## Task to carry out
What lines of the data below hold the string "dimtxsty"? Copy each one out.

## Extracted entries
◇ ◇ ◇ ◇

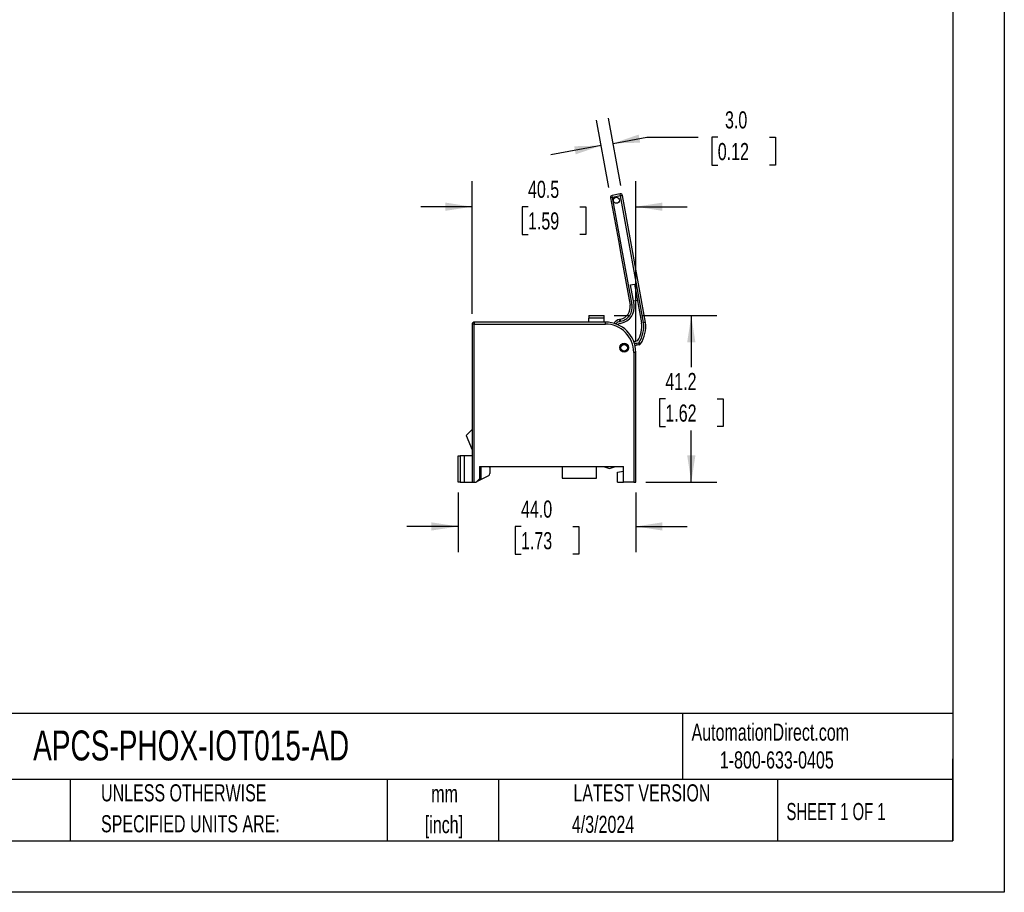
# Model space of a CAD drawing. Header units: millimetres. Extents: x 0 to 559, y 0 to 432.
# Tile 10 of 11: x 315 to 559, y 0 to 216. Entities that reach past the tile are written whole.
import ezdxf

# ---------------------------------------------------------------- set-up
doc = ezdxf.new("R2010")
doc.units = ezdxf.units.MM
doc.header["$LTSCALE"] = 2
doc.linetypes.add('CENTERX2', pattern=[20.32, 12.7, -2.54, 2.54, -2.54])
doc.layers.add('DIMENSIONS', color=140, linetype='Continuous', lineweight=25)
doc.layers.add('TEXT', color=140, linetype='Continuous', lineweight=25)
doc.styles.add('SLDTEXTSTYLE0', font='TXT', dxfattribs={"width": 0.7})
doc.styles.add('SLDTEXTSTYLE1', font='TXT', dxfattribs={"width": 0.65})
doc.dimstyles.new('SLDDIMSTYLE1', dxfattribs={"dimtxt": 4.316016, "dimasz": 6.604, "dimexe": 0, "dimexo": 0.0625, "dimgap": 1.079004, "dimtad": 0, "dimtih": 1, "dimtoh": 1, "dimrnd": 1e-09, "dimzin": 12, "dimdsep": 46, "dimtxsty": 'SLDTEXTSTYLE0', "dimsah": 1, "dimcen": 0.09, "dimadec": 0, "dimazin": 3, "dimtfac": 1, "dimtmove": 0, "dimatfit": 0, "dimfxl": 0, "dimfrac": 2, "dimtolj": 1, "dimtzin": 12, "dimarcsym": 0})
doc.dimstyles.new('SLDDIMSTYLE2', dxfattribs={"dimtxt": 4.316016, "dimasz": 6.604, "dimexe": 0, "dimexo": 0.0625, "dimgap": 1.079004, "dimtad": 0, "dimtih": 1, "dimtoh": 1, "dimrnd": 1e-09, "dimzin": 12, "dimdsep": 46, "dimtxsty": 'SLDTEXTSTYLE0', "dimsah": 1, "dimcen": 0.09, "dimadec": 0, "dimazin": 3, "dimtfac": 1, "dimtofl": 0, "dimtmove": 0, "dimatfit": 3, "dimfxl": 0, "dimfrac": 2, "dimtolj": 1, "dimtzin": 12, "dimarcsym": 0})
doc.dimstyles.new('SLDDIMSTYLE3', dxfattribs={"dimtxt": 4.316016, "dimasz": 6.604, "dimexe": 0, "dimexo": 0.0625, "dimgap": 1.079004, "dimtad": 0, "dimtih": 1, "dimtoh": 1, "dimrnd": 1e-09, "dimzin": 4, "dimdsep": 46, "dimtxsty": 'SLDTEXTSTYLE0', "dimsah": 1, "dimcen": 0.09, "dimadec": 0, "dimazin": 1, "dimtfac": 1, "dimtmove": 0, "dimatfit": 0, "dimfxl": 0, "dimfrac": 2, "dimtolj": 1, "dimtzin": 12, "dimarcsym": 0})

# ---------------------------------------------------------------- blocks, each defined once
blk = doc.blocks.new('SW_NOTE_0_1')
at = {"layer": 'TEXT', "color": 0, "linetype": 'CENTERX2', "lineweight": 18, "char_height": 4.233, "attachment_point": 2, "style": 'SLDTEXTSTYLE0'}
for s, insert in [('mm', (5.69, 5.46)), ('[inch]', (5.52, -2.19))]:
    blk.add_mtext(s, dxfattribs=dict(at, insert=insert))
blk = doc.blocks.new('SW_NOTE_0_2')
at = {"layer": 'TEXT', "color": 0, "linetype": 'CENTERX2', "lineweight": 18, "char_height": 4.2333, "attachment_point": 1, "style": 'SLDTEXTSTYLE0'}
for s, insert in [('UNLESS OTHERWISE', (0, 5.46)), ('SPECIFIED UNITS ARE:', (0, -2.19))]:
    blk.add_mtext(s, dxfattribs=dict(at, insert=insert))
blk = doc.blocks.new('_D_3')
at = {"layer": 'DIMENSIONS'}
for p, q in [((462.26, 142.69), (466.05, 142.69)), ((469.1, 142.69), (487.67, 142.69)), ((481.32, 142.69), (481.32, 129.92)), ((474.91, 122.09), (473.46, 122.09)), ((473.46, 122.09), (473.46, 115.23)), ((487.74, 122.09), (489.19, 122.09)), ((489.19, 122.09), (489.19, 115.23)), ((473.46, 115.23), (474.91, 115.23)), ((489.19, 115.23), (487.74, 115.23)), ((481.32, 101.49), (481.32, 114.27)), ((470.11, 101.49), (487.67, 101.49))]:
    blk.add_line(p, q, dxfattribs=at)
for points in [[(481.32, 142.69), (480.31, 136.09), (482.34, 136.09)], [(481.32, 101.49), (482.34, 108.1), (480.31, 108.1)]]:
    blk.add_solid(points, dxfattribs=at)
at = {"layer": 'DIMENSIONS', "char_height": 4.233, "attachment_point": 1, "style": 'SLDTEXTSTYLE0'}
for s, insert in [('41.2', (474.91, 128.51)), ('1.62', (474.91, 120.69))]:
    blk.add_mtext(s, dxfattribs=dict(at, insert=insert))
blk = doc.blocks.new('_D_4')
at = {"layer": 'DIMENSIONS'}
for p, q in [((423.61, 98.95), (423.61, 84.17)), ((467.57, 98.95), (467.57, 84.17)), ((423.61, 90.52), (410.91, 90.52)), ((439.18, 90.52), (437.73, 90.52)), ((437.73, 90.52), (437.73, 83.66)), ((452, 90.52), (453.45, 90.52)), ((453.45, 90.52), (453.45, 83.66)), ((467.57, 90.52), (480.27, 90.52)), ((437.73, 83.66), (439.18, 83.66)), ((453.45, 83.66), (452, 83.66))]:
    blk.add_line(p, q, dxfattribs=at)
for points in [[(423.61, 90.52), (417, 91.54), (417, 89.51)], [(467.57, 90.52), (474.18, 89.51), (474.18, 91.54)]]:
    blk.add_solid(points, dxfattribs=at)
at = {"layer": 'DIMENSIONS', "char_height": 4.233, "attachment_point": 1, "style": 'SLDTEXTSTYLE0'}
for s, insert in [('44.0', (439.18, 96.94)), ('1.73', (439.18, 89.12))]:
    blk.add_mtext(s, dxfattribs=dict(at, insert=insert))
blk = doc.blocks.new('_D_5')
at = {"layer": 'DIMENSIONS'}
for p, q in [((427.07, 143.13), (427.07, 175.98)), ((467.57, 136.13), (467.57, 175.98)), ((427.07, 169.63), (414.37, 169.63)), ((440.91, 169.63), (439.46, 169.63)), ((439.46, 169.63), (439.46, 162.77)), ((453.73, 169.63), (455.18, 169.63)), ((455.18, 169.63), (455.18, 162.77)), ((467.57, 169.63), (480.27, 169.63)), ((439.46, 162.77), (440.91, 162.77)), ((455.18, 162.77), (453.73, 162.77))]:
    blk.add_line(p, q, dxfattribs=at)
for points in [[(427.07, 169.63), (420.47, 170.65), (420.47, 168.62)], [(467.57, 169.63), (474.18, 168.62), (474.18, 170.65)]]:
    blk.add_solid(points, dxfattribs=at)
at = {"layer": 'DIMENSIONS', "char_height": 4.233, "attachment_point": 1, "style": 'SLDTEXTSTYLE0'}
for s, insert in [('40.5', (440.91, 176.06)), ('1.59', (440.91, 168.23))]:
    blk.add_mtext(s, dxfattribs=dict(at, insert=insert))
blk = doc.blocks.new('_D_6')
at = {"layer": 'DIMENSIONS'}
for p, q in [((460.91, 174.35), (457.89, 191.01)), ((463.86, 174.88), (460.85, 191.55)), ((461.98, 185.3), (470.3, 186.81)), ((470.3, 186.81), (483, 186.81)), ((487.88, 186.81), (486.43, 186.81)), ((486.43, 186.81), (486.43, 179.95)), ((500.7, 186.81), (502.15, 186.81)), ((502.15, 186.81), (502.15, 179.95)), ((459.03, 184.77), (446.53, 182.5)), ((486.43, 179.95), (487.88, 179.95)), ((502.15, 179.95), (500.7, 179.95))]:
    blk.add_line(p, q, dxfattribs=at)
for points in [[(461.98, 185.3), (468.66, 185.48), (468.3, 187.48)], [(459.03, 184.77), (452.35, 184.59), (452.71, 182.59)]]:
    blk.add_solid(points, dxfattribs=at)
at = {"layer": 'DIMENSIONS', "char_height": 4.233, "attachment_point": 1, "style": 'SLDTEXTSTYLE0'}
for s, insert in [('3.0', (489.67, 193.23)), ('0.12', (487.88, 185.4))]:
    blk.add_mtext(s, dxfattribs=dict(at, insert=insert))

msp = doc.modelspace()

# ---------------------------------------------------------------- linework, layer by layer
at = {"color": 7, "linetype": 'Continuous'}
for p, q in [((558.805, 431.805), (558.805, 0.005)), ((558.805, 0.005), (0.005, 0.005))]:
    msp.add_line(p, q, dxfattribs=at)
for p, q in [((461.856, 171.94), (461.364, 171.851)), ((461.364, 171.851), (463.278, 161.278)), ((463.735, 172.788), (461.767, 172.432)), ((461.856, 171.94), (461.767, 172.432)), ((463.824, 172.296), (461.856, 171.94)), ((466.665, 145.371), (461.856, 171.94)), ((463.824, 172.296), (463.735, 172.788)), ((464.172, 172.359), (463.824, 172.296)), ((469.499, 140.945), (463.824, 172.296)), ((464.316, 172.385), (464.172, 172.359)), ((469.994, 141.02), (464.316, 172.385)), ((463.278, 161.278), (463.301, 161.262)), ((463.278, 161.278), (464.075, 156.875)), ((463.301, 161.262), (464.075, 156.875)), ((464.075, 156.875), (466.173, 145.282)), ((466.285, 150.282), (467.269, 150.46)), ((467.157, 145.46), (466.285, 150.282)), ((467.269, 150.46), (469.005, 140.87)), ((466.997, 146.346), (467.981, 146.524)), ((466.665, 145.371), (466.173, 145.282)), ((455.922, 142.691), (459.722, 142.691)), ((455.922, 142.691), (455.922, 142.056)), ((455.922, 141.091), (455.922, 142.056)), ((459.722, 142.056), (455.922, 142.056)), ((459.722, 142.056), (459.722, 142.691)), ((459.722, 141.091), (459.722, 142.056)), ((463.572, 141.763), (463.756, 141.796)), ((463.661, 141.271), (463.572, 141.763)), ((463.845, 141.304), (463.756, 141.796)), ((427.072, 140.591), (427.072, 101.491)), ((427.572, 140.591), (427.072, 140.591)), ((427.572, 141.091), (427.572, 140.591)), ((460.072, 141.091), (427.572, 141.091)), ((427.572, 140.591), (460.072, 140.591)), ((427.572, 101.491), (427.572, 140.591)), ((460.072, 140.591), (460.072, 141.091)), ((463.845, 141.304), (463.661, 141.271)), ((463.75, 140.779), (463.934, 140.812)), ((463.77, 135.058), (463.731, 135.273)), ((465.794, 134.592), (465.574, 134.213)), ((468.045, 136.435), (467.636, 136.361)), ((467.725, 135.869), (468.35, 135.982)), ((467.725, 135.869), (467.814, 135.377)), ((468.44, 135.49), (467.814, 135.377)), ((468.44, 135.49), (468.35, 135.982)), ((468.35, 135.982), (468.77, 135.709)), ((467.072, 133.591), (467.072, 101.491)), ((467.572, 133.591), (467.072, 133.591)), ((467.572, 101.491), (467.572, 133.591)), ((427.072, 114.491), (425.572, 112.991)), ((425.572, 112.991), (427.072, 109.491)), ((423.607, 101.491), (423.607, 107.991)), ((423.607, 107.991), (424.096, 107.991)), ((424.096, 107.991), (424.096, 101.491)), ((425.096, 107.991), (424.096, 107.991)), ((425.096, 107.991), (425.096, 101.491)), ((427.072, 107.991), (425.096, 107.991)), ((428.872, 105.391), (464.572, 105.391)), ((428.872, 105.391), (428.872, 102.291)), ((429.272, 102.291), (429.272, 105.391)), ((431.472, 105.091), (431.172, 105.391)), ((431.472, 105.091), (431.472, 103.597)), ((449.322, 105.391), (449.322, 102.491)), ((457.822, 102.491), (457.822, 105.391)), ((459.572, 105.391), (461.072, 104.891)), ((461.072, 104.891), (462.572, 105.391)), ((464.572, 101.491), (464.572, 105.391)), ((428.402, 101.713), (431.2, 103.152)), ((449.322, 102.491), (457.822, 102.491)), ((463.072, 103.956), (464.572, 104.209)), ((463.072, 101.491), (463.072, 103.956)), ((424.096, 101.491), (423.607, 101.491)), ((424.096, 101.491), (425.096, 101.491)), ((425.096, 101.491), (427.072, 101.491)), ((427.072, 101.491), (427.572, 101.491)), ((427.572, 101.491), (428.072, 101.491)), ((428.072, 101.491), (428.872, 102.291)), ((428.872, 102.291), (429.272, 102.291)), ((463.072, 101.491), (464.572, 101.491)), ((467.072, 101.491), (464.572, 101.491)), ((467.072, 101.491), (467.572, 101.491))]:
    msp.add_line(p, q)
at = {"flags": 128}
msp.add_lwpolyline([(467.237, 135.678), (467.407, 135.775), (467.725, 135.869)], dxfattribs=at)
for centre, radius in [((462.798, 171.226), 0.75), ((464.709, 134.768), 1.1), ((464.709, 134.716), 1), ((464.709, 134.716), 0.8)]:
    msp.add_circle(centre, radius)
for centre, radius, start, end in [((461.856, 171.94), 0.5, 100.26091, 190.26091), ((463.824, 172.296), 0.5, 10.26091, 100.26091), ((463.221, 144.748), 3, 280.26091, 10.26091), ((463.222, 144.747), 3.499, 280.24996, 10.27187), ((463.221, 144.748), 4, 280.26091, 10.26091), ((463.928, 139.795), 2, 100.26091, 150.29699), ((427.572, 140.591), 0.5, 90, 180), ((460.072, 133.591), 7.5, 0, 90), ((460.072, 133.592), 7, 359.99928, 90.00072), ((463.873, 139.888), 1.398, 98.6994, 150.20681), ((463.928, 139.795), 1, 100.26091, 140.67784), ((462.119, 140.039), 6.936, 328.69306, 6.88133), ((462.119, 140.039), 7.436, 326.9362, 6.99696), ((462.119, 140.039), 7.936, 326.9362, 7.10147), ((502.907, -76.854), 220.346, 98.59046, 98.72052), ((467.992, 134.393), 2, 100.26091, 116.22284), ((467.992, 134.393), 1, 100.26091, 126.45725), ((468.35, 135.982), 0.5, 280.26091, 326.9362), ((430.972, 103.597), 0.5, 297.21611, 0), ((427.487, 103.491), 2, 291.01255, 297.21611)]:
    msp.add_arc(centre, radius, start, end)
at = {"layer": 'TEXT'}
for p, q in [((546.1, 419.1), (546.1, 12.7)), ((546.1, 44.252), (12.7, 44.252)), ((479.151, 44.252), (479.151, 27.94)), ((546.1, 12.7), (546.1, 33.02)), ((546.1, 27.94), (12.7, 27.94)), ((327.56, 27.94), (327.56, 12.7)), ((406.049, 27.94), (406.049, 12.7)), ((433.624, 27.94), (433.624, 12.7)), ((502.697, 27.94), (502.697, 12.7)), ((12.7, 12.7), (546.1, 12.7))]:
    msp.add_line(p, q, dxfattribs=at)

# ---------------------------------------------------------------- block references
at = {"layer": 'TEXT', "linetype": 'CENTERX2', "lineweight": 18}
for name, p in [('SW_NOTE_0_2', (335.216, 21.271)), ('SW_NOTE_0_1', (414.572, 21.057))]:
    msp.add_blockref(name, p, dxfattribs=at)

# ---------------------------------------------------------------- texts
for s, insert, char_height, attachment_point, style in [('AutomationDirect.com', (481.39, 41.753), 4.23333, 1, 'SLDTEXTSTYLE0'), ('APCS-PHOX-IOT015-AD', (318.415, 40.037), 7.40833, 1, 'SLDTEXTSTYLE0'), ('1-800-633-0405', (488.383, 34.874), 4.23333, 1, 'SLDTEXTSTYLE0'), ('LATEST VERSION', (469.104, 26.728), 4.23333, 2, 'SLDTEXTSTYLE0'), ('SHEET 1 OF 1', (504.883, 22.103), 4.23333, 1, 'SLDTEXTSTYLE1'), ('4/3/2024', (459.478, 18.941), 4.2333, 2, 'SLDTEXTSTYLE0')]:
    msp.add_mtext(s, dxfattribs=dict(at, insert=insert, char_height=char_height, attachment_point=attachment_point, style=style))

# ---------------------------------------------------------------- dimensions: what is measured, and where the dimension line sits
at = {"layer": 'DIMENSIONS'}
for base, p1, p2, angle, dimstyle, picture, middle in [((459.026, 184.765), (464.316, 172.385), (461.364, 171.851), 10.26091, 'SLDDIMSTYLE3', '_D_6', (470.296, 186.805)), ((481.324, 142.691), (467.572, 101.491), (459.722, 142.691), 90, 'SLDDIMSTYLE2', '_D_3', (481.324, 122.091))]:
    dim = msp.add_linear_dim(base=base, p1=p1, p2=p2, angle=angle, dimstyle=dimstyle, dxfattribs=at)
    dim.commit()
    dim.dimension.update_dxf_attribs({"geometry": picture, "text_midpoint": middle, "dimtype": 160})
for base, p1, p2, dimstyle, picture, middle in [((467.572, 169.632), (427.072, 140.591), (467.572, 133.591), 'SLDDIMSTYLE1', '_D_5', (447.322, 169.632)), ((467.5716, 90.5215), (423.6073, 101.4915), (467.5716, 101.4915), 'SLDDIMSTYLE3', '_D_4', (445.5894, 90.5215))]:
    dim = msp.add_linear_dim(base=base, p1=p1, p2=p2, dimstyle=dimstyle, dxfattribs=at)
    dim.commit()
    dim.dimension.update_dxf_attribs({"geometry": picture, "text_midpoint": middle, "dimtype": 160})

doc.saveas('drawing.dxf')

◇ ◇ ◇ ◇

## Exercise result
doc.dimstyles.new('SLDDIMSTYLE1', dxfattribs={"dimtxt": 4.316016, "dimasz": 6.604, "dimexe": 0, "dimexo": 0.0625, "dimgap": 1.079004, "dimtad": 0, "dimtih": 1, "dimtoh": 1, "dimrnd": 1e-09, "dimzin": 12, "dimdsep": 46, "dimtxsty": 'SLDTEXTSTYLE0', "dimsah": 1, "dimcen": 0.09, "dimadec": 0, "dimazin": 3, "dimtfac": 1, "dimtmove": 0, "dimatfit": 0, "dimfxl": 0, "dimfrac": 2, "dimtolj": 1, "dimtzin": 12, "dimarcsym": 0})
doc.dimstyles.new('SLDDIMSTYLE2', dxfattribs={"dimtxt": 4.316016, "dimasz": 6.604, "dimexe": 0, "dimexo": 0.0625, "dimgap": 1.079004, "dimtad": 0, "dimtih": 1, "dimtoh": 1, "dimrnd": 1e-09, "dimzin": 12, "dimdsep": 46, "dimtxsty": 'SLDTEXTSTYLE0', "dimsah": 1, "dimcen": 0.09, "dimadec": 0, "dimazin": 3, "dimtfac": 1, "dimtofl": 0, "dimtmove": 0, "dimatfit": 3, "dimfxl": 0, "dimfrac": 2, "dimtolj": 1, "dimtzin": 12, "dimarcsym": 0})
doc.dimstyles.new('SLDDIMSTYLE3', dxfattribs={"dimtxt": 4.316016, "dimasz": 6.604, "dimexe": 0, "dimexo": 0.0625, "dimgap": 1.079004, "dimtad": 0, "dimtih": 1, "dimtoh": 1, "dimrnd": 1e-09, "dimzin": 4, "dimdsep": 46, "dimtxsty": 'SLDTEXTSTYLE0', "dimsah": 1, "dimcen": 0.09, "dimadec": 0, "dimazin": 1, "dimtfac": 1, "dimtmove": 0, "dimatfit": 0, "dimfxl": 0, "dimfrac": 2, "dimtolj": 1, "dimtzin": 12, "dimarcsym": 0})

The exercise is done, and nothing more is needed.